The Life of Siddhartha Gautama

Edited by Patrick Mok
Hong Kong




Buddha is a title, not the length of a person. It is derived from root budh. It means one who knows the sense of having become one with the highest objects of knowledge. That the man known as the Buddha was a real historical person is not seriously disputed nowadays. However, it is very difficult to establish the exact details of his life history 2500 years after it happened. The earliest full length biography known to us is the Acts of Buddha written by the first centurt CE Indian poet Ashvaghosa; it is not surprising to find that after five hundred years legendary and mythological details have found their way into story. An earlier source is the Pali Canon of the Theravadins, which relates many events from the Buddha's life, but incidentaly because of some teaching related to the event, and not in chronological order. According to such documents, we may present the following reconstruction about the life of the Buddha, which is well accepted by the modern world.
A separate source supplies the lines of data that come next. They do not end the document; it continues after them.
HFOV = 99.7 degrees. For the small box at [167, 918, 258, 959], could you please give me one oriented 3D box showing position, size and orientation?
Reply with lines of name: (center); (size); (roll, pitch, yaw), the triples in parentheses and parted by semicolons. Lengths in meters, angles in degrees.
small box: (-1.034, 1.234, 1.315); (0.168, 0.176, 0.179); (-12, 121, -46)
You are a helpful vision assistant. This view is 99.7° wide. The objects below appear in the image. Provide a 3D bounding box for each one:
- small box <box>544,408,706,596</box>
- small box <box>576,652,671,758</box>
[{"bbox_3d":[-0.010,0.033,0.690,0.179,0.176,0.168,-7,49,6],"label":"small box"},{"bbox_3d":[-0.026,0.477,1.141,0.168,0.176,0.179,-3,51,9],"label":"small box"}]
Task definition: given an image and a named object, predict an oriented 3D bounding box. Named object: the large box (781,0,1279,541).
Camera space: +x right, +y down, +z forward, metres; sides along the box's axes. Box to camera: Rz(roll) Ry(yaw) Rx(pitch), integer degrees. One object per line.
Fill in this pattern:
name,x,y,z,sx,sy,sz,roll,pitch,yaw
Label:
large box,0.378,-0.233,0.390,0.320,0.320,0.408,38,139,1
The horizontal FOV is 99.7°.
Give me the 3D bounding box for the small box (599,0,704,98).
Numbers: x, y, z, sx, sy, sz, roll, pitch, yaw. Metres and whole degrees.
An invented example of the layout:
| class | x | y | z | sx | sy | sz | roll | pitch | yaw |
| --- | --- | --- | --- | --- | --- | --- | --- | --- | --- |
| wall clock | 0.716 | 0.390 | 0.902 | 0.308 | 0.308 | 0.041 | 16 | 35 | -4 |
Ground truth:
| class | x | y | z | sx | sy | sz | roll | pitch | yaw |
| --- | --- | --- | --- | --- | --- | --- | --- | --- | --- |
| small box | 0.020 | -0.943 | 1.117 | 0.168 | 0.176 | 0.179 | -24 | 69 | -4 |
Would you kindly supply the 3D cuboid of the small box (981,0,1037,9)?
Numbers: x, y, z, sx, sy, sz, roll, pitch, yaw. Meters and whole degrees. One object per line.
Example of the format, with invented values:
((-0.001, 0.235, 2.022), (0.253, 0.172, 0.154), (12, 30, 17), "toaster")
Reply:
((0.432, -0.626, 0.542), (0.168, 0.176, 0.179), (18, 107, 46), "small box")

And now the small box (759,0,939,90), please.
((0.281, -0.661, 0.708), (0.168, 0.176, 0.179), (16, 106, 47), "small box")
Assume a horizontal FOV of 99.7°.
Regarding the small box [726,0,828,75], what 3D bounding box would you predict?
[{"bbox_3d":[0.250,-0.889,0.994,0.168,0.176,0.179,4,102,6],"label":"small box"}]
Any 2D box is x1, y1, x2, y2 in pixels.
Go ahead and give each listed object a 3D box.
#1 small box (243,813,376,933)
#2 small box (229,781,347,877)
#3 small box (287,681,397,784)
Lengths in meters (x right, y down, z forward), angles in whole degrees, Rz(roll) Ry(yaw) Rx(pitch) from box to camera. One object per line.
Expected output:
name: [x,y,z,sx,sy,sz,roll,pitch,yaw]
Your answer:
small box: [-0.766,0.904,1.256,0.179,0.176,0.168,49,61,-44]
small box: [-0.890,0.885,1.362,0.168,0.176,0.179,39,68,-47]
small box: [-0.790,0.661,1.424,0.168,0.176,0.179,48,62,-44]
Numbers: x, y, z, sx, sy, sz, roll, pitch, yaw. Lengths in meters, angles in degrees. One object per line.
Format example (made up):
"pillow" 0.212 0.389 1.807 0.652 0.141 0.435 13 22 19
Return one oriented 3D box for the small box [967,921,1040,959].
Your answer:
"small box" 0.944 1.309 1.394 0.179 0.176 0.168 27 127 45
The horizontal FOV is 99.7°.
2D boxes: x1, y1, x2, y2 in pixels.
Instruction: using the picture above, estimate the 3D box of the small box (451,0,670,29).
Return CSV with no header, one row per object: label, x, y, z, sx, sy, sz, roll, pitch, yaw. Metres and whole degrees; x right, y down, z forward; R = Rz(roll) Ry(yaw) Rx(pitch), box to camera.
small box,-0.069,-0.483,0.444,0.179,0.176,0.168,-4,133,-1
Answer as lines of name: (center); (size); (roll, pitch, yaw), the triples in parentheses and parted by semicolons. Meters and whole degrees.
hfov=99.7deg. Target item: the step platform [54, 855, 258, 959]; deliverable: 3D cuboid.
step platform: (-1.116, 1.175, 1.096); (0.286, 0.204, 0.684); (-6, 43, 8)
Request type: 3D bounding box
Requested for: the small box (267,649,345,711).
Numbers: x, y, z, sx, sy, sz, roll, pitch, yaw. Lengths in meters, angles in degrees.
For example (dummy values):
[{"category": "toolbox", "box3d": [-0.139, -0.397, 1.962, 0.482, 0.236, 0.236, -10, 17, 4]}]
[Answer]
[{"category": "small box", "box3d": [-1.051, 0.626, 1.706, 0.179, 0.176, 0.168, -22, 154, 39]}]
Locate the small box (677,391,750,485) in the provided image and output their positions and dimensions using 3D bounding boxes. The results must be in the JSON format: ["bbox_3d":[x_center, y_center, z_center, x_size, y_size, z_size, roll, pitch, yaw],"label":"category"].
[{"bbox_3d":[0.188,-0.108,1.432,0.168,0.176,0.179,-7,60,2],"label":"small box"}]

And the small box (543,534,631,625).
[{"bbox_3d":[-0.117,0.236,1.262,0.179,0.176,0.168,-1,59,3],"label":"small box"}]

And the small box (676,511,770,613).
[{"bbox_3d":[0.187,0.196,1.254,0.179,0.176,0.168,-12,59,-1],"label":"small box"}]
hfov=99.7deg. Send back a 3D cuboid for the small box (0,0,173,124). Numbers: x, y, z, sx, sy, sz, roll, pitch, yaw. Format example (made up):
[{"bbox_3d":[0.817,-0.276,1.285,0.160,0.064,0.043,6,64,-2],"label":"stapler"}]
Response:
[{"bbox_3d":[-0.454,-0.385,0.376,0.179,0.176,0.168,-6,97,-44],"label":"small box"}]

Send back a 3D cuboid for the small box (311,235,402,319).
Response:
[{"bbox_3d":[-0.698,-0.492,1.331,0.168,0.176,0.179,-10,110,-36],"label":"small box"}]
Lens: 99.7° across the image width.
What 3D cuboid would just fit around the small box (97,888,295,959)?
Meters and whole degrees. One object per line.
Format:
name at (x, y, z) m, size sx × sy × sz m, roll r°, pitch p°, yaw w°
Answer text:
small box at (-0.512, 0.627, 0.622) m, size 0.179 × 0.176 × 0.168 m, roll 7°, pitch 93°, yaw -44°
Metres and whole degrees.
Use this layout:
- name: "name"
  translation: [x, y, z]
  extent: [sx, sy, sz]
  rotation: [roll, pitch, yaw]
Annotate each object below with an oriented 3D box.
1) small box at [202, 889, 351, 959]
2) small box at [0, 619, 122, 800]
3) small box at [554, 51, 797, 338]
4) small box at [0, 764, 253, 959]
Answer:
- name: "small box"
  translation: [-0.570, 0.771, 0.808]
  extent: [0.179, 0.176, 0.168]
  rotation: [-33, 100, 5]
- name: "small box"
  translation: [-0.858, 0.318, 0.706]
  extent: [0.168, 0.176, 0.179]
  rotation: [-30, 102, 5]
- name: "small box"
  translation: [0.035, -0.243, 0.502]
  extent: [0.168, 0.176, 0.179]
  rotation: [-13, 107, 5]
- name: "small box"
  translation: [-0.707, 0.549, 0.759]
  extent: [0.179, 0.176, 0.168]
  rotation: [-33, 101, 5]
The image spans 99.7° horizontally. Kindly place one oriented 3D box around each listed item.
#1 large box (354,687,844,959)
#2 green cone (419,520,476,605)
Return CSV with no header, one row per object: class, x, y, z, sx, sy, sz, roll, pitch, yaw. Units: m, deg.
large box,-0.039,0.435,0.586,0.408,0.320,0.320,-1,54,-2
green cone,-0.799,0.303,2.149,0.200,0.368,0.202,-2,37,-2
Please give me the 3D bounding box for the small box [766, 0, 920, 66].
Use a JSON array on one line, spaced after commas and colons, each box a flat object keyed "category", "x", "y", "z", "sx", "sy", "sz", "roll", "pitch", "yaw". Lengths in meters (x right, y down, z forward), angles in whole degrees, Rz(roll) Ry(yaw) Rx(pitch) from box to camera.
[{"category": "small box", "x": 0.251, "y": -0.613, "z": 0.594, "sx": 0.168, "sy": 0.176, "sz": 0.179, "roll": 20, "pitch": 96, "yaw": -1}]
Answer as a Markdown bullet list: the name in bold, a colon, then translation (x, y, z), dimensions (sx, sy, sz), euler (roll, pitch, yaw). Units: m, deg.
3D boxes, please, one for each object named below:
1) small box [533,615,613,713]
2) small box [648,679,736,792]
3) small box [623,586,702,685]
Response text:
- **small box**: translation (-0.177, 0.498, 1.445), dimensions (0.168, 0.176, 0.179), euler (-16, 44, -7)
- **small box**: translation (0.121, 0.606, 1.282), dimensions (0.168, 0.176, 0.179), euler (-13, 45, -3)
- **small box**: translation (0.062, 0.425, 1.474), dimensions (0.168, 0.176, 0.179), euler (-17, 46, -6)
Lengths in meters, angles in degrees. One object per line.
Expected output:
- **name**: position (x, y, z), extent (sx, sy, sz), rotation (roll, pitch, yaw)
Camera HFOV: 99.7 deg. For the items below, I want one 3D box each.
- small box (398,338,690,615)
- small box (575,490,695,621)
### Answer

There was a small country in what is now southern Nepal that was ruled by a clan called the Shakyas. The head of this clan, and the king of this country, was named Shuddodana Gautama, and his wife was the beautiful Mahamaya. Mahamaya was expecting her first born. She had had a strange dream in which a baby elephant had blessed her with his trunk, which was understood to be a very auspicious sign to say the least.

From the commentary and legends we learn that the Buddha was born on the full moon of May according to the Theravada tradition in a garden called Lumbini. At the time of his conception ten months earlier, his mother dream that a white elephant entered her womb. Even in the Pali Canon, it is suggested that this conception occured miraculously through the bodhisattva ("Buddha-to-be") descending directly from the heaven where he spent his penultimate life into his mother's womb, with no mention of his father being involved.

As was the custom of the day, when the time came near for Queen Mahamaya to have her child, she traveled to her father's kingdom for the birth. But during the long journey, her birth pains began. In the small town of Lumbini, she asked her handmaidens to assist her to a nearby grove of trees for privacy. One large tree lowered a branch to her to serve as a support for her delivery. They say the birth was nearly painless, even though the child had to be delivered from her side. After, a gentle rain fell on the mother and the child to cleanse them. After his birth, he taken seven steps and proclaimed his mission. At that time, a shining light and an earthquake, together with the attendance and homage of deities.

It is said that the child was born fully awake. He could speak, and told his mother he had come to free all mankind from suffering. He could stand, and he walked a short distance in each of the four directions. Lotus blossoms rose in his footsteps. They named him Siddhartha, which means "he who has attained his goals." Sadly, Mahamaya died only seven days after the birth. After that Siddhartha was raised by his mother's sister, Mahaprajapati.

King Shuddodana consulted Asita, a well-known sooth-sayer, concerning the future of his son. Asita proclaimed that he would be one of two things: He could become a great king, even an emperor. Or he could become a great sage and savior of humanity. The king, eager that his son should become a king like himself, was determined to shield the child from anything that might result in him taking up the religious life. And so Siddhartha was kept in one or another of their three palaces, and was prevented from experiencing much of what ordinary folk might consider quite commonplace. He was not permitted to see the elderly, the sickly, the dead, or anyone who had dedicated themselves to spiritual practices. Only beauty and health surrounded Siddhartha.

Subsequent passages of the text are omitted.